** Opening Data section block **

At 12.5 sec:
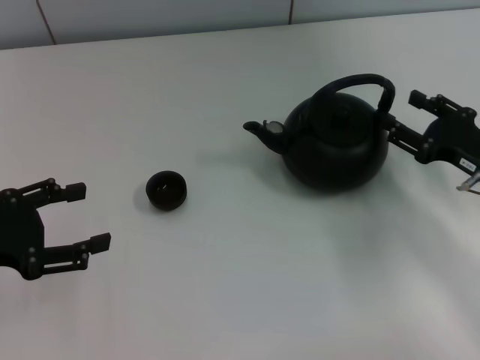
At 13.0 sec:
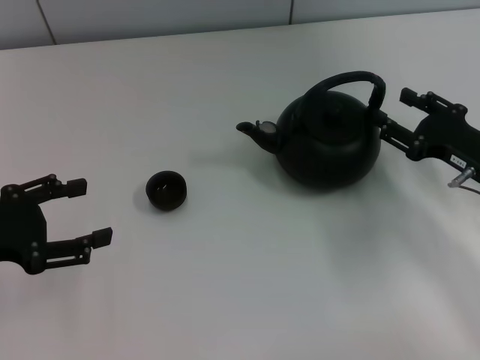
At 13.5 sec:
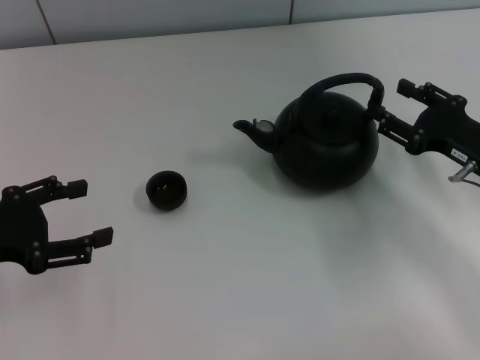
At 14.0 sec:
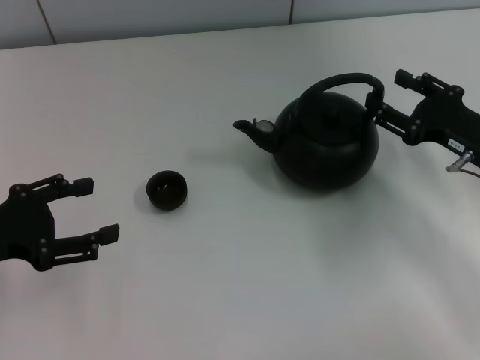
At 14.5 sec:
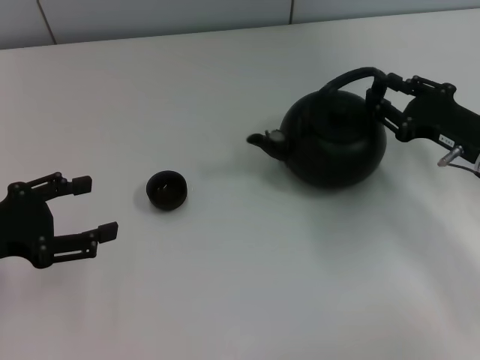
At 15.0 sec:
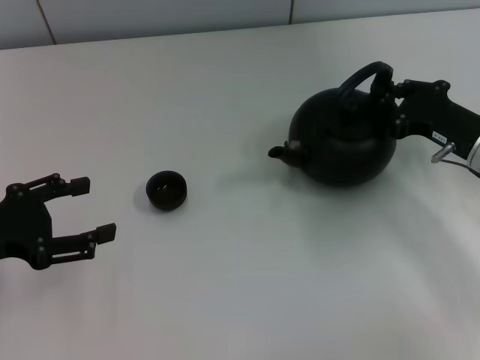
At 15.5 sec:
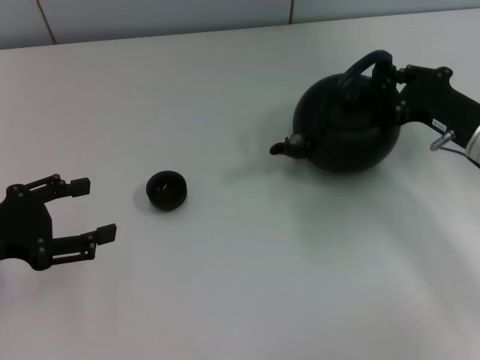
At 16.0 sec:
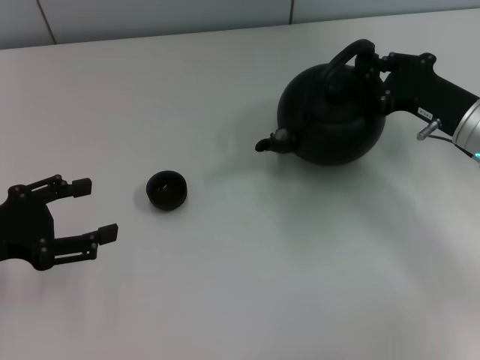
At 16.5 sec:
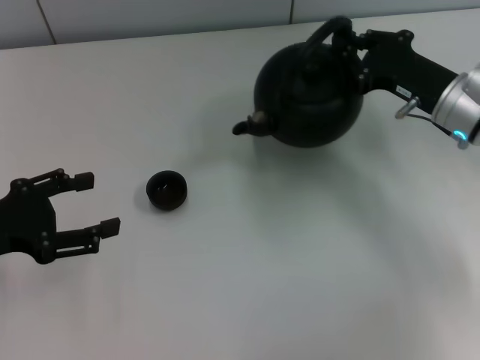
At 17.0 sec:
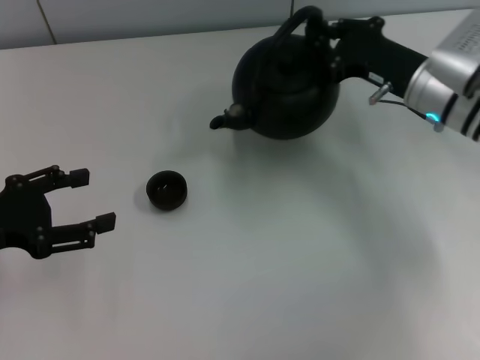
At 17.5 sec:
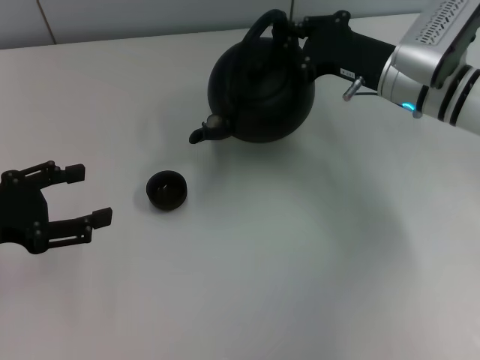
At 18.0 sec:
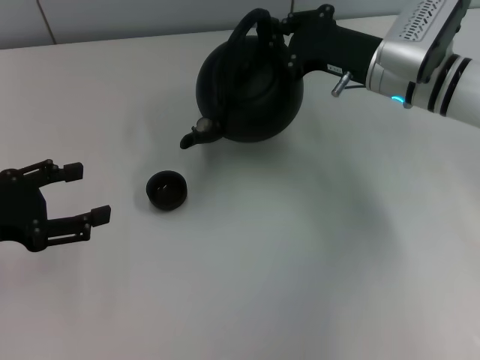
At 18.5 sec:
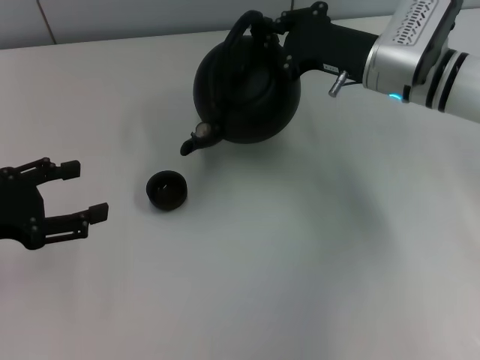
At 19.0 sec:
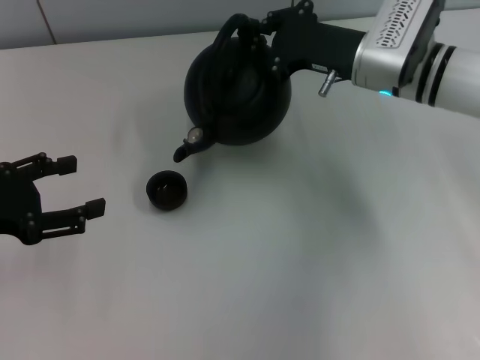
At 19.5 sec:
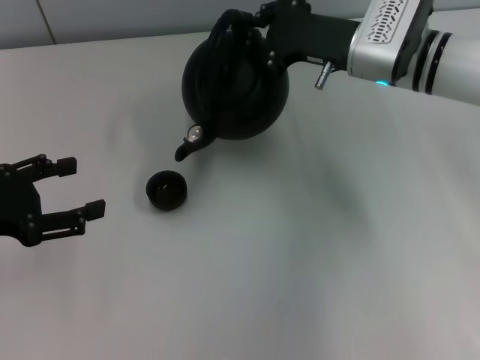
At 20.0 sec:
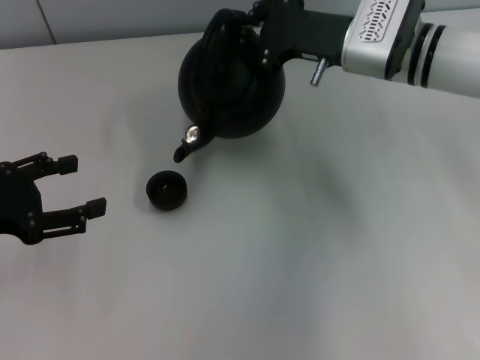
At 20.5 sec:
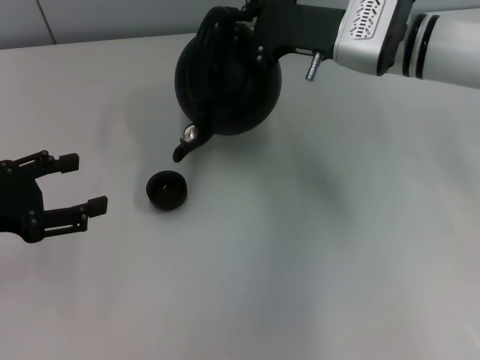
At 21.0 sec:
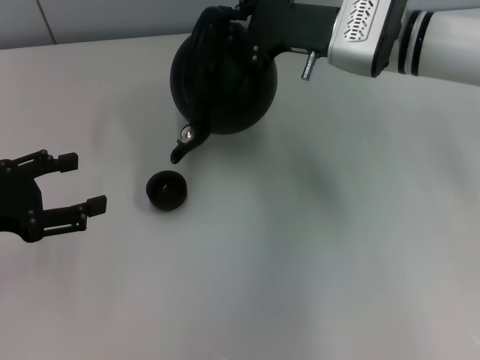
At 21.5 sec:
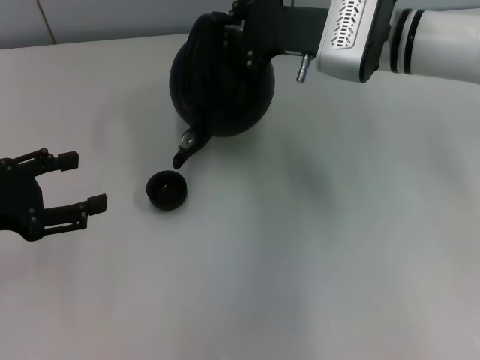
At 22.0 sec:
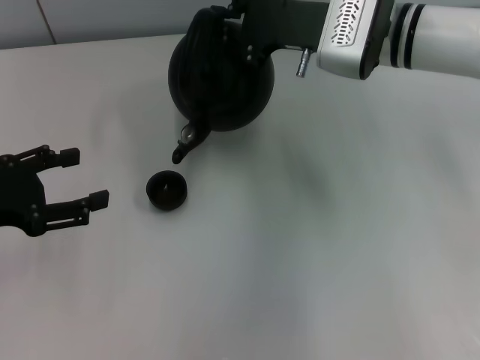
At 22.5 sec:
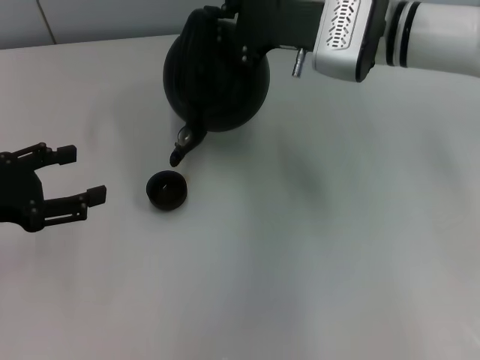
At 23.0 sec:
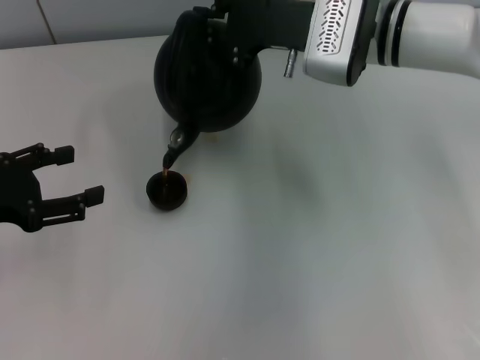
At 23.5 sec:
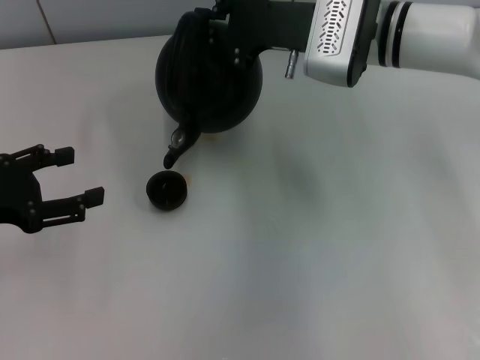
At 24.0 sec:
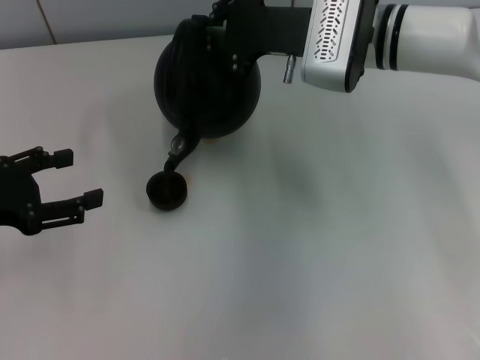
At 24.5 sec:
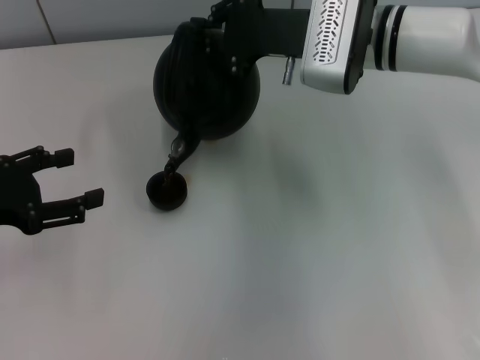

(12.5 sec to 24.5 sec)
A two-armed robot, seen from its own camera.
Task of the whole recording: Grasp the handle of the teapot with one hand and pour tea into the teacup.
Step, 12.5 sec - 16.5 sec: Pick up the teapot with the right gripper.
12.5 sec - 14.5 sec: The grippers make only small movements.
14.5 sec - 16.5 sec: The right gripper moves about 5 cm, and closes up.
16.5 sec - 18.5 sec: The right gripper shifts approximately 5 cm to the left.
18.5 sec - 20.5 sec: The grippers stay close to where they were, moving slightly.
20.5 sec - 22.5 sec: The grippers make only small movements.
22.5 sec - 24.5 sec: Neither gripper changes place.

** Closing Data section block **

Any picture in the material is to be dropped; the rest is repeated exactly.

At 12.5 sec:
At 13.0 sec:
At 13.5 sec:
At 14.0 sec:
At 14.5 sec:
At 15.0 sec:
At 15.5 sec:
At 16.0 sec:
At 16.5 sec:
At 17.0 sec:
At 17.5 sec:
At 18.0 sec:
At 18.5 sec:
At 19.0 sec:
At 19.5 sec:
At 20.0 sec:
At 20.5 sec:
At 21.0 sec:
At 21.5 sec:
At 22.0 sec:
At 22.5 sec:
At 23.0 sec:
At 23.5 sec:
At 24.0 sec:
At 24.5 sec:

(12.5 sec to 24.5 sec)
A two-armed robot, seen from its own camera.
Task of the whole recording: Grasp the handle of the teapot with one hand and pour tea into the teacup.
Step, 12.5 sec - 16.5 sec: Pick up the teapot with the right gripper.
12.5 sec - 14.5 sec: The grippers make only small movements.
14.5 sec - 16.5 sec: The right gripper moves about 5 cm, and closes up.
16.5 sec - 18.5 sec: The right gripper shifts approximately 5 cm to the left.
18.5 sec - 20.5 sec: The grippers stay close to where they were, moving slightly.
20.5 sec - 22.5 sec: The grippers make only small movements.
22.5 sec - 24.5 sec: Neither gripper changes place.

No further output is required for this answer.